Load a Whisper transcription and compare with Azure's output.

In [None]:
# Load corresponding Whisper result
whisper_dir = project_root / 'files' / 'transcriptions' / 'batch_whisper_gpt4o'
whisper_file = whisper_dir / f"{Path(test_file).stem}.json"

if whisper_file.exists() and 'result_no_diarization' in locals():
    with open(whisper_file, 'r', encoding='utf-8') as f:
        whisper_result = json.load(f)
    
    print("="*80)
    print("AZURE vs. WHISPER COMPARISON")
    print("="*80)
    print(f"\nFile: {test_file}")
    print(f"\nDuration:")
    print(f"  Whisper: {whisper_result.get('duration', 0):.1f}s")
    print(f"  Azure:   {result_no_diarization['duration']:.1f}s")
    
    print(f"\nSegments:")
    print(f"  Whisper: {len(whisper_result.get('segments', []))}")
    print(f"  Azure:   {len(result_no_diarization['segments'])}")
    
    print(f"\nCost:")
    print(f"  Whisper: ${whisper_result.get('whisper_cost', 0):.4f}")
    print(f"  Azure:   ${result_no_diarization['cost']:.4f}")
    
    print(f"\nWhisper transcription (Kannada):")
    print(f"  {whisper_result.get('kannada_full_text', '')[:200]}...")
    
    print(f"\nAzure transcription (Kannada):")
    print(f"  {result_no_diarization['text'][:200]}...")
    
    print("\n⚠️  Note: Visual comparison only. Use WER/CER metrics for quantitative analysis.")
else:
    print("\n⚠️  Whisper baseline not found. Run batch_whisper_gpt4o notebook first.")

## Summary & Next Steps

### What We Learned

1. ✅ **Kannada Transcription**: Azure Speech Service supports kn-IN
2. ❓ **Diarization**: Check results above to see if speaker separation works
3. 💰 **Cost**: Azure is ~3x more expensive than Whisper (~$9 vs. $3 for 9 hours)
4. ⏱️ **Speed**: Batch API is async—takes longer than real-time

### Next Steps

1. **Implement WER/CER evaluation** (notebook 11)
   - Compare Azure vs. Whisper accuracy
   - Evaluate on child speech segments (if diarization works)
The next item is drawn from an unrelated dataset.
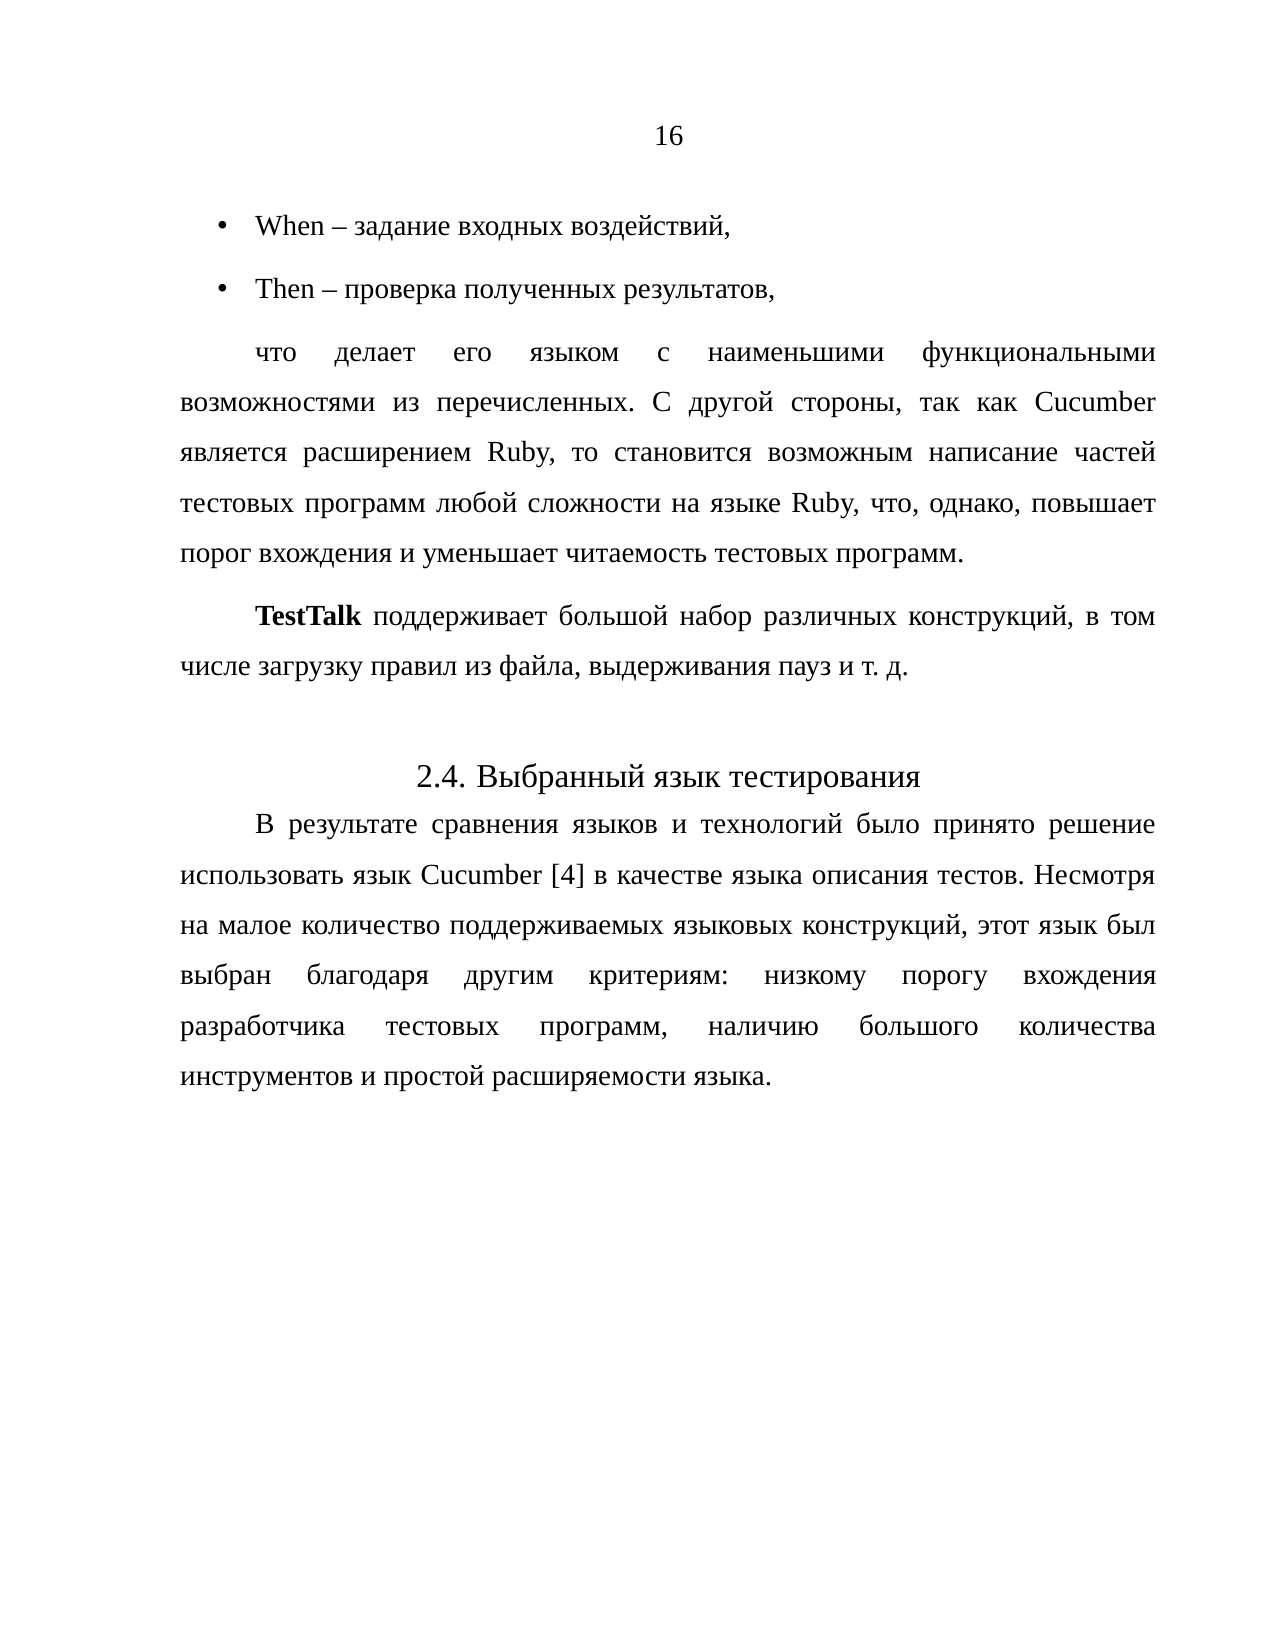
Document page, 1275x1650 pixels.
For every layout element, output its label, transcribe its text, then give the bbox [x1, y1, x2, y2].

2. **Add AssemblyAI** for comparison
   - Another Tier 1 STT provider with Kannada support

3. **Process remaining 3 large files**
   - Azure can handle 20-32 minute files (Whisper hit 25MB limit)

4. **Decision point**: Best STT for Youth Impact
   - Accuracy (WER/CER)
   - Cost ($/hour)
   - Features (diarization, latency)
   - Infrastructure (already using Azure?)